Greenberg had become a vegetarian in her teens, Ginsberg in his 20s.
Now married, the two settled in Dayton two years ago. Ginsberg is the rabbi at Beth Abraham Synagogue, Dayton’s only Conservative congregation, while Greenberg leads the music program at Hillel Academy Jewish day school and teaches high school Judaic classes at the Miami Valley School, a nondenominational private prep school.
Ginsberg says he neither encourages his congregants to become vegetarians nor discourages them from eating meat.
“People know I’m a vegetarian, but I don’t engage in proselytizing vegetarianism,” he says. “Jewish tradition allows that one can eat meat. I really applaud the trend of some who are trying to create ethical, eco-kashrut and small-scale slaughtering, where animals are fed a better diet and treated better.”
A few times a year, Greenberg and Ginsberg have prepared vegetarian entrées alongside meat dishes for Shabbat dinners at the synagogue. They’ve received rave reviews from congregants, many of whom hadn’t tried tofu as a meat substitute before.

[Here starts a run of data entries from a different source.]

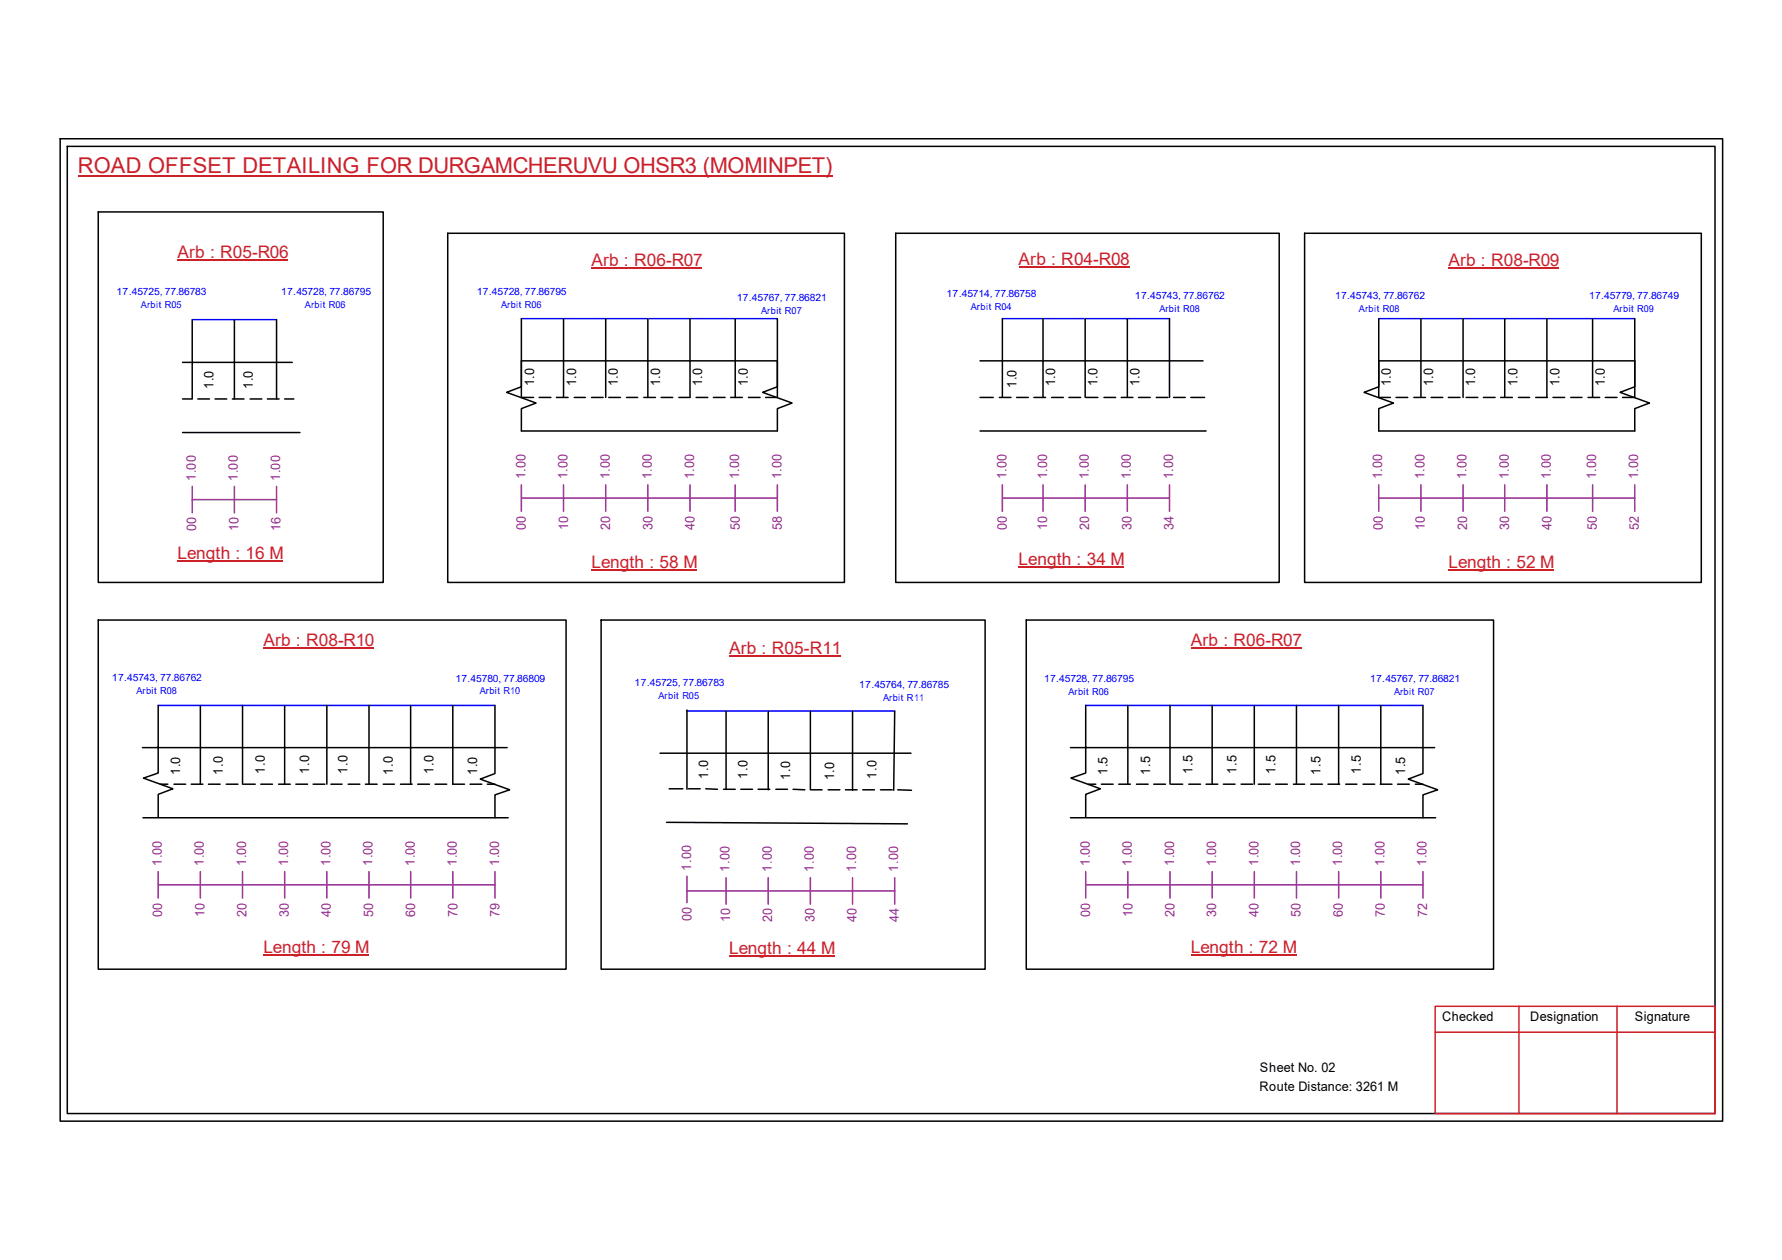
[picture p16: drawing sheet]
<svg xmlns="http://www.w3.org/2000/svg" width="297mm" height="210mm" viewBox="0 0 297 210" stroke-linecap="round" stroke-linejoin="round" font-family="sans-serif">
<defs><g id="words">
<text font-size="3.6" fill="#cd2027" x="13" y="28.9">ROAD OFFSET DETAILING FOR DURGAMCHERUVU OHSR3 (MOMINPET)</text>
<g font-size="2.9" fill="#cd2027">
<text x="29.6" y="43">Arb : R05-R06</text>
<text x="98.6" y="44.3">Arb : R06-R07</text>
<text x="169.8" y="44.1">Arb : R04-R08</text>
<text x="241.4" y="44.3">Arb : R08-R09</text>
<text x="29.6" y="93.1">Length : 16 M</text>
<text x="98.6" y="94.6">Length : 58 M</text>
<text x="169.8" y="94.1">Length : 34 M</text>
<text x="241.4" y="94.6">Length : 52 M</text>
<text x="43.9" y="107.6">Arb : R08-R10</text>
<text x="198.5" y="107.6">Arb : R06-R07</text>
<text x="121.5" y="108.9">Arb : R05-R11</text>
<text x="43.9" y="158.8">Length : 79 M</text>
<text x="121.5" y="158.9">Length : 44 M</text>
<text x="198.5" y="158.8">Length : 72 M</text>
</g>
<g font-size="2.2">
<text x="35.6" y="64.8" transform="rotate(-90 35.6 64.8)">1.0</text>
<text x="42.1" y="64.8" transform="rotate(-90 42.1 64.8)">1.0</text>
<text x="89" y="64.3" transform="rotate(-90 89 64.3)">1.0</text>
<text x="96.1" y="64.3" transform="rotate(-90 96.1 64.3)">1.0</text>
<text x="103" y="64.3" transform="rotate(-90 103 64.3)">1.0</text>
<text x="110" y="64.3" transform="rotate(-90 110 64.3)">1.0</text>
<text x="117" y="64.3" transform="rotate(-90 117 64.3)">1.0</text>
<text x="124.7" y="64.3" transform="rotate(-90 124.7 64.3)">1.0</text>
<text x="169.5" y="64.6" transform="rotate(-90 169.5 64.6)">1.0</text>
<text x="175.9" y="64.3" transform="rotate(-90 175.9 64.3)">1.0</text>
<text x="182.9" y="64.3" transform="rotate(-90 182.9 64.3)">1.0</text>
<text x="189.9" y="64.3" transform="rotate(-90 189.9 64.3)">1.0</text>
<text x="231.9" y="64.3" transform="rotate(-90 231.9 64.3)">1.0</text>
<text x="238.9" y="64.3" transform="rotate(-90 238.9 64.3)">1.0</text>
<text x="245.9" y="64.3" transform="rotate(-90 245.9 64.3)">1.0</text>
<text x="252.9" y="64.3" transform="rotate(-90 252.9 64.3)">1.0</text>
<text x="260" y="64.3" transform="rotate(-90 260 64.3)">1.0</text>
<text x="267.5" y="64.3" transform="rotate(-90 267.5 64.3)">1.0</text>
<text x="30" y="129.1" transform="rotate(-90 30 129.1)">1.0</text>
<text x="37.1" y="129" transform="rotate(-90 37.1 129)">1.0</text>
<text x="44.2" y="128.9" transform="rotate(-90 44.2 128.9)">1.0</text>
<text x="51.5" y="128.9" transform="rotate(-90 51.5 128.9)">1.0</text>
<text x="58" y="128.9" transform="rotate(-90 58 128.9)">1.0</text>
<text x="65.5" y="129" transform="rotate(-90 65.5 129)">1.0</text>
<text x="72.3" y="128.9" transform="rotate(-90 72.3 128.9)">1.0</text>
<text x="79.5" y="129.1" transform="rotate(-90 79.5 129.1)">1.0</text>
<text x="118.1" y="129.7" transform="rotate(-90 118.1 129.7)">1.0</text>
<text x="124.6" y="129.7" transform="rotate(-90 124.6 129.7)">1.0</text>
<text x="131.7" y="129.9" transform="rotate(-90 131.7 129.9)">1.0</text>
<text x="139.1" y="130" transform="rotate(-90 139.1 130)">1.0</text>
<text x="146.1" y="129.7" transform="rotate(-90 146.1 129.7)">1.0</text>
<text x="184.6" y="129.1" transform="rotate(-90 184.6 129.1)">1.5</text>
<text x="191.7" y="129" transform="rotate(-90 191.7 129)">1.5</text>
<text x="198.8" y="128.9" transform="rotate(-90 198.8 128.9)">1.5</text>
<text x="206.1" y="128.9" transform="rotate(-90 206.1 128.9)">1.5</text>
<text x="212.6" y="128.9" transform="rotate(-90 212.6 128.9)">1.5</text>
<text x="220.1" y="129" transform="rotate(-90 220.1 129)">1.5</text>
<text x="226.9" y="128.9" transform="rotate(-90 226.9 128.9)">1.5</text>
<text x="234.2" y="129.1" transform="rotate(-90 234.2 129.1)">1.5</text>
<text x="240.4" y="170.1">Checked</text>
<text x="255.1" y="170.1">Designation</text>
<text x="272.5" y="170.1">Signature</text>
<text x="210" y="178.6">Sheet No. 02</text>
<text x="209.9" y="181.7">Route Distance: 3261 M</text>
</g>
<g font-size="2.2" fill="#93278f">
<text x="32.6" y="80.1" transform="rotate(-90 32.6 80.1)">1.00</text>
<text x="39.7" y="80.1" transform="rotate(-90 39.7 80.1)">1.00</text>
<text x="46.7" y="80.1" transform="rotate(-90 46.7 80.1)">1.00</text>
<text x="87.6" y="79.8" transform="rotate(-90 87.6 79.8)">1.00</text>
<text x="94.6" y="79.8" transform="rotate(-90 94.6 79.8)">1.00</text>
<text x="101.6" y="79.8" transform="rotate(-90 101.6 79.8)">1.00</text>
<text x="108.7" y="79.8" transform="rotate(-90 108.7 79.8)">1.00</text>
<text x="115.7" y="79.8" transform="rotate(-90 115.7 79.8)">1.00</text>
<text x="123.2" y="79.8" transform="rotate(-90 123.2 79.8)">1.00</text>
<text x="130.3" y="79.8" transform="rotate(-90 130.3 79.8)">1.00</text>
<text x="167.8" y="79.8" transform="rotate(-90 167.8 79.8)">1.00</text>
<text x="174.5" y="79.8" transform="rotate(-90 174.5 79.8)">1.00</text>
<text x="181.5" y="79.8" transform="rotate(-90 181.5 79.8)">1.00</text>
<text x="188.5" y="79.8" transform="rotate(-90 188.5 79.8)">1.00</text>
<text x="195.5" y="79.8" transform="rotate(-90 195.5 79.8)">1.00</text>
<text x="230.4" y="79.8" transform="rotate(-90 230.4 79.8)">1.00</text>
<text x="237.4" y="79.8" transform="rotate(-90 237.4 79.8)">1.00</text>
<text x="244.5" y="79.8" transform="rotate(-90 244.5 79.8)">1.00</text>
<text x="251.5" y="79.8" transform="rotate(-90 251.5 79.8)">1.00</text>
<text x="258.5" y="79.8" transform="rotate(-90 258.5 79.8)">1.00</text>
<text x="266.1" y="79.8" transform="rotate(-90 266.1 79.8)">1.00</text>
<text x="273.1" y="79.8" transform="rotate(-90 273.1 79.8)">1.00</text>
<text x="32.7" y="88.5" transform="rotate(-90 32.7 88.5)">00</text>
<text x="39.7" y="88.5" transform="rotate(-90 39.7 88.5)">10</text>
<text x="46.8" y="88.5" transform="rotate(-90 46.8 88.5)">16</text>
<text x="87.7" y="88.3" transform="rotate(-90 87.7 88.3)">00</text>
<text x="94.7" y="88.3" transform="rotate(-90 94.7 88.3)">10</text>
<text x="101.7" y="88.3" transform="rotate(-90 101.7 88.3)">20</text>
<text x="108.8" y="88.3" transform="rotate(-90 108.8 88.3)">30</text>
<text x="115.8" y="88.3" transform="rotate(-90 115.8 88.3)">40</text>
<text x="123.3" y="88.3" transform="rotate(-90 123.3 88.3)">50</text>
<text x="130.3" y="88.3" transform="rotate(-90 130.3 88.3)">58</text>
<text x="167.8" y="88.3" transform="rotate(-90 167.8 88.3)">00</text>
<text x="174.5" y="88.3" transform="rotate(-90 174.5 88.3)">10</text>
<text x="181.6" y="88.3" transform="rotate(-90 181.6 88.3)">20</text>
<text x="188.6" y="88.3" transform="rotate(-90 188.6 88.3)">30</text>
<text x="195.6" y="88.3" transform="rotate(-90 195.6 88.3)">34</text>
<text x="230.5" y="88.3" transform="rotate(-90 230.5 88.3)">00</text>
<text x="237.5" y="88.3" transform="rotate(-90 237.5 88.3)">10</text>
<text x="244.6" y="88.3" transform="rotate(-90 244.6 88.3)">20</text>
<text x="251.6" y="88.3" transform="rotate(-90 251.6 88.3)">30</text>
<text x="258.6" y="88.3" transform="rotate(-90 258.6 88.3)">40</text>
<text x="266.1" y="88.3" transform="rotate(-90 266.1 88.3)">50</text>
<text x="273.2" y="88.3" transform="rotate(-90 273.2 88.3)">52</text>
<text x="27" y="144.3" transform="rotate(-90 27 144.3)">1.00</text>
<text x="34" y="144.3" transform="rotate(-90 34 144.3)">1.00</text>
<text x="41" y="144.3" transform="rotate(-90 41 144.3)">1.00</text>
<text x="48" y="144.3" transform="rotate(-90 48 144.3)">1.00</text>
<text x="55.1" y="144.3" transform="rotate(-90 55.1 144.3)">1.00</text>
<text x="62.1" y="144.3" transform="rotate(-90 62.1 144.3)">1.00</text>
<text x="69.1" y="144.3" transform="rotate(-90 69.1 144.3)">1.00</text>
<text x="76.2" y="144.3" transform="rotate(-90 76.2 144.3)">1.00</text>
<text x="83.2" y="144.3" transform="rotate(-90 83.2 144.3)">1.00</text>
<text x="115.2" y="145" transform="rotate(-90 115.2 145)">1.00</text>
<text x="121.6" y="145.2" transform="rotate(-90 121.6 145.2)">1.00</text>
<text x="128.6" y="145.2" transform="rotate(-90 128.6 145.2)">1.00</text>
<text x="135.7" y="145.2" transform="rotate(-90 135.7 145.2)">1.00</text>
<text x="142.7" y="145.2" transform="rotate(-90 142.7 145.2)">1.00</text>
<text x="149.7" y="145.2" transform="rotate(-90 149.7 145.2)">1.00</text>
<text x="181.6" y="144.3" transform="rotate(-90 181.6 144.3)">1.00</text>
<text x="188.7" y="144.3" transform="rotate(-90 188.7 144.3)">1.00</text>
<text x="195.7" y="144.3" transform="rotate(-90 195.7 144.3)">1.00</text>
<text x="202.7" y="144.3" transform="rotate(-90 202.7 144.3)">1.00</text>
<text x="209.8" y="144.3" transform="rotate(-90 209.8 144.3)">1.00</text>
<text x="216.7" y="144.3" transform="rotate(-90 216.7 144.3)">1.00</text>
<text x="223.7" y="144.3" transform="rotate(-90 223.7 144.3)">1.00</text>
<text x="230.8" y="144.3" transform="rotate(-90 230.8 144.3)">1.00</text>
<text x="237.8" y="144.3" transform="rotate(-90 237.8 144.3)">1.00</text>
<text x="27" y="152.7" transform="rotate(-90 27 152.7)">00</text>
<text x="34.1" y="152.7" transform="rotate(-90 34.1 152.7)">10</text>
<text x="41.1" y="152.7" transform="rotate(-90 41.1 152.7)">20</text>
<text x="48.1" y="152.7" transform="rotate(-90 48.1 152.7)">30</text>
<text x="55.2" y="152.7" transform="rotate(-90 55.2 152.7)">40</text>
<text x="62.2" y="152.7" transform="rotate(-90 62.2 152.7)">50</text>
<text x="69.2" y="152.7" transform="rotate(-90 69.2 152.7)">60</text>
<text x="76.2" y="152.7" transform="rotate(-90 76.2 152.7)">70</text>
<text x="83.3" y="152.7" transform="rotate(-90 83.3 152.7)">79</text>
<text x="115.3" y="153.5" transform="rotate(-90 115.3 153.5)">00</text>
<text x="121.7" y="153.7" transform="rotate(-90 121.7 153.7)">10</text>
<text x="128.7" y="153.7" transform="rotate(-90 128.7 153.7)">20</text>
<text x="135.8" y="153.7" transform="rotate(-90 135.8 153.7)">30</text>
<text x="142.8" y="153.7" transform="rotate(-90 142.8 153.7)">40</text>
<text x="149.8" y="153.7" transform="rotate(-90 149.8 153.7)">44</text>
<text x="181.7" y="152.7" transform="rotate(-90 181.7 152.7)">00</text>
<text x="188.8" y="152.7" transform="rotate(-90 188.8 152.7)">10</text>
<text x="195.8" y="152.7" transform="rotate(-90 195.8 152.7)">20</text>
<text x="202.7" y="152.7" transform="rotate(-90 202.7 152.7)">30</text>
<text x="209.8" y="152.7" transform="rotate(-90 209.8 152.7)">40</text>
<text x="216.8" y="152.7" transform="rotate(-90 216.8 152.7)">50</text>
<text x="223.8" y="152.7" transform="rotate(-90 223.8 152.7)">60</text>
<text x="230.8" y="152.7" transform="rotate(-90 230.8 152.7)">70</text>
<text x="237.9" y="152.7" transform="rotate(-90 237.9 152.7)">72</text>
</g>
<g font-size="1.7" fill="#00f">
<text x="19.4" y="49.2">17.45725, 77.86783</text>
<text x="46.9" y="49.2">17.45728, 77.86795</text>
<text x="79.5" y="49.2">17.45728, 77.86795</text>
<text x="122.8" y="50.1">17.45767, 77.86821</text>
<text x="157.8" y="49.5">17.45714, 77.86758</text>
<text x="189.2" y="49.9">17.45743, 77.86762</text>
<text x="222.5" y="49.8">17.45743, 77.86762</text>
<text x="264.9" y="49.9">17.45779, 77.86749</text>
<text x="18.7" y="113.5">17.45743, 77.86762</text>
<text x="75.9" y="113.5">17.45780, 77.86809</text>
<text x="174" y="113.6">17.45728, 77.86795</text>
<text x="228.4" y="113.6">17.45767, 77.86821</text>
<text x="105.8" y="114.3">17.45725, 77.86783</text>
<text x="143.2" y="114.6">17.45764, 77.86785</text>
</g>
<g font-size="1.6" fill="#00f">
<text x="23.5" y="51.4">Arbit R05</text>
<text x="50.8" y="51.4">Arbit R06</text>
<text x="83.5" y="51.4">Arbit R06</text>
<text x="126.9" y="52.2">Arbit R07</text>
<text x="161.8" y="51.6">Arbit R04</text>
<text x="193.2" y="52">Arbit R08</text>
<text x="226.5" y="51.9">Arbit R08</text>
<text x="268.9" y="52">Arbit R09</text>
<text x="22.7" y="115.6">Arbit R08</text>
<text x="80" y="115.7">Arbit R10</text>
<text x="109.8" y="116.4">Arbit R05</text>
<text x="147.2" y="116.8">Arbit R11</text>
<text x="178.1" y="115.7">Arbit R06</text>
<text x="232.4" y="115.7">Arbit R07</text>
</g>
</g></defs>
<g fill="none" stroke="#000" stroke-width=".25">
<path d="M10 23.1h277.1v163.7h-277.1zM11.2 24.4h274.7v161.1h-274.7zM16.4 35.3h47.5v61.7h-47.5zM74.6 38.9h66.2v58.1h-66.2zM149.3 38.9h63.9v58.1h-63.9zM217.5 38.9h66.1v58.1h-66.1zM32 53.3v13.2M39.1 53.3v13.2M46.1 53.3v13.2M86.9 53.1v13.1h2M93.9 53.1v13.1M101 53.1v13.1"/>
<path d="M108 53.1v13.1M115 53.1v13.1h-1.8M122.6 53.1v13.1M129.6 53.1v13.1h-2M167.1 53.1v13.1M173.9 53.1v13.1M180.9 53.1v13.1M187.9 53.1v13.1M194.9 53.1v13.1M229.8 53.1v13.1h2M236.9 53.1v13.1M243.9 53.1v13.1"/>
<path d="M250.8 53.1v13.1M257.8 53.1v13.1M265.5 53.1v13.1M272.5 53.1v13.1h-2M30.4 60.4h18.3M30.4 72.1h19.6M30.4 66.5h1.6M33 66.5h1.9M35.9 66.5h1.9M38.7 66.5h2M41.7 66.5h1.9M44.6 66.5h1.9"/>
<path d="M47.5 66.5h1.5M86.9 60.1h42.7v4.3l-2.5 1 4.9 1.7-2.4 1v3.7h-42.7v-3.7l2.5-1-4.9-1.7 2.4-1zM89.9 66.2h1.9M92.7 66.2h2M95.7 66.2h1.9M98.6 66.2h1.9M101.5 66.2h1.9M104.4 66.2h1.9M107.3 66.2h2M110.2 66.2h1.9M116 66.2h2M118.9 66.2h2"/>
<path d="M121.8 66.2h1.9M124.8 66.2h1.9M163.4 60.1h37.1M163.4 71.8h37.6M163.4 66.2h2.2M166.6 66.2h1.9M169.5 66.2h1.9M172.3 66.2h2M175.3 66.2h1.9M178.2 66.2h1.9M181.1 66.2h1.9M184 66.2h2"/>
<path d="M186.9 66.2h1.9M189.8 66.2h1.9M192.7 66.2h2M195.6 66.2h2M198.5 66.2h2.3M229.8 60.1h42.7v4.3l-2.5 1 5 1.7-2.5 1v3.7h-42.7v-3.7l2.5-1-4.9-1.7 2.4-1zM232.7 66.2h2M235.7 66.2h1.9M238.5 66.2h2M241.4 66.2h2M244.4 66.2h1.9M247.3 66.2h1.9"/>
<path d="M250.1 66.2h2M253.1 66.2h1.9M256 66.2h1.9M258.9 66.2h1.9M261.8 66.2h1.9M264.7 66.2h2M267.6 66.2h1.9M16.4 103.3h78v58.2h-78zM26.4 117.5v7M33.4 117.5v13.1M40.4 117.5v13.1M47.5 117.5v13.1"/>
<path d="M54.5 117.5v13.1M61.5 117.5v13.1M68.4 117.5v13.1M75.5 117.5v13.1h1.9M82.5 117.5v11.4l-2.5 .9 5 1.8-2.5 .8v3.8M100.2 103.3h64v58.2h-64zM114.5 118.3v13.2M121 118.4v13.1M128.1 118.4v13.2M135.1 118.4v13.1M142.1 118.4v13.3M149.1 118.4l-.1 13.3"/>
<path d="M171.1 103.3h77.9v58.2h-77.9zM181 117.5v7M188 117.5v13.1M195 117.5v13.1M202.1 117.5v13.1M209.1 117.5v13.1M216.1 117.5v13.1M223.1 117.5v13.1M230.2 117.5v13.1M237.2 117.5v11.4l-2.5 .9 4.9 1.8-2.4 .8v3.8M23.7 124.5h60.8M23.8 136.2h60.9"/>
<path d="M26.4 124.4v4.4l-2.5 .8 4.9 1.8-2.4 .9v3.8M26.7 130.6h1.3M29 130.6h1.9M31.9 130.6h1.9M34.8 130.6h1.9M37.7 130.6h2M40.6 130.6h1.9M43.5 130.6h1.9M46.4 130.6h2M49.3 130.6h2M52.2 130.6h1.9M55.2 130.6h1.8"/>
<path d="M58 130.6h2M60.9 130.6h2M63.9 130.6h1.8M66.8 130.6h1.9M69.6 130.6h2M72.5 130.6h2M78.4 130.6h1.9M81.2 130.6h1.3M110 125.5h41.8M111.1 137l40.2 .2M111.5 131.4h2.3M114.8 131.4h1.9"/>
<path d="M117.6 131.4l2 .1M120.6 131.5h2M123.5 131.5h1.9M126.4 131.5h1.9M129.3 131.5h2M132.2 131.5l2 .1M135.1 131.6h1.9M138 131.6h2M140.9 131.6h2M143.8 131.6h2M146.8 131.6h1.9M149.6 131.6l2.3 .1"/>
<path d="M178.4 124.5h60.7M178.4 136.2h60.9M181 124.4v4.4l-2.5 .8 4.9 1.8-2.4 .9v3.8M181.4 130.6h1.3M183.6 130.6h1.9M186.5 130.6h1.9M189.4 130.6h2M192.3 130.6h2M195.2 130.6h1.9M198.2 130.6h1.9M201 130.6h2M203.9 130.6h2"/>
<path d="M206.9 130.6h1.9M209.8 130.6h1.9M212.6 130.6h2M215.6 130.6h1.9M218.5 130.6h1.9M221.4 130.6h1.9M224.3 130.6h1.9M227.2 130.6h1.9M230.1 130.6h1.9M233 130.6h1.9M235.9 130.6h1.3"/>
</g>
<path d="M239.2 167.6h46.7v17.9h-46.7zM239.2 172h46.7M253.2 167.6v17.9M269.5 167.6v17.9" fill="none" stroke="#cc1f26" stroke-width=".25"/>
<path d="M13 29.3h125.7" fill="none" stroke="#cd2027" stroke-width=".25"/>
<path d="M32 53.3h14.1M86.9 53.1h42.7M167.1 53.1h27.8M229.8 53.1h42.7M26.4 117.5h56.1M114.5 118.4h34.6M181 117.5h56.2" fill="none" stroke="#00f" stroke-width=".25"/>
<g fill="none" stroke="#93278f" stroke-width=".25">
<path d="M32 83.2h14.1M32 81v4.4M39.1 81v4.4M46.1 81v4.4M86.9 83h42.7M86.9 80.8v4.4M93.9 80.8v4.4M101 80.8v4.4M108 80.8v4.4M115 80.8v4.4M122.6 80.8v4.4M129.6 80.8v4.4"/>
<path d="M167.1 83h27.8M167.1 80.8v4.4M173.9 80.8v4.4M180.9 80.8v4.4M187.9 80.8v4.4M194.9 80.8v4.4M229.8 83h42.7M229.8 80.8v4.4M236.9 80.8v4.4M243.9 80.8v4.4M250.8 80.8v4.4M257.8 80.8v4.4"/>
<path d="M265.5 80.8v4.4M272.5 80.8v4.4M26.4 147.4h56.1M26.4 145.2v4.4M33.4 145.2v4.4M40.4 145.2v4.4M47.5 145.2v4.4M54.5 145.2v4.4M61.5 145.2v4.4M68.4 145.2v4.4M75.5 145.2v4.4M82.5 145.2v4.4"/>
<path d="M114.5 148.4h34.6M114.5 146v4.4M121 146.2v4.4M128.1 146.2v4.4M135.1 146.2v4.4M142.1 146.2v4.4M149.1 146.2v4.4M181 147.4h56.2M181 145.2v4.4M188 145.2v4.4M195 145.2v4.4M202.1 145.2v4.4"/>
<path d="M209.1 145.2v4.4M216.1 145.2v4.4M223.1 145.2v4.4M230.2 145.2v4.4M237.2 145.2v4.4"/>
</g>
<g fill="none" stroke="#cd2027" stroke-width=".17">
<path d="M29.6 43.3h18.4M98.6 44.6h18.4M169.8 44.4h18.5M241.4 44.6h18.5M29.6 93.5h17.6M98.6 94.9h17.6M169.8 94.5h17.6M241.4 94.9h17.6M43.9 107.9h18.5M121.5 109.2h18.7M198.5 107.9h18.5M43.9 159.1h17.6"/>
<path d="M121.5 159.3h17.6M198.5 159.1h17.6"/>
</g>
<use href="#words"/>
</svg>

At home, they turn out creative vegetarian meals for their sons — ages 7, 5, and eight months. Jenna says their recipes come from experimentation, some guidance from cookbooks and online recipes, along with suggestions from friends and family.
Here, they offer a kosher-for-Passover Seder menu that suits their fast-paced, vegetarian lifestyle — and keeps their boys happy. All recipes yield eight to 10 servings.
— Marshall Weiss
Roman Soup with Passover Dumplings
This tasty spring alternative to the traditional matzah ball soup was created by the couple’s friend, Susan K. Finston (author of Dining in the Garden of Eden).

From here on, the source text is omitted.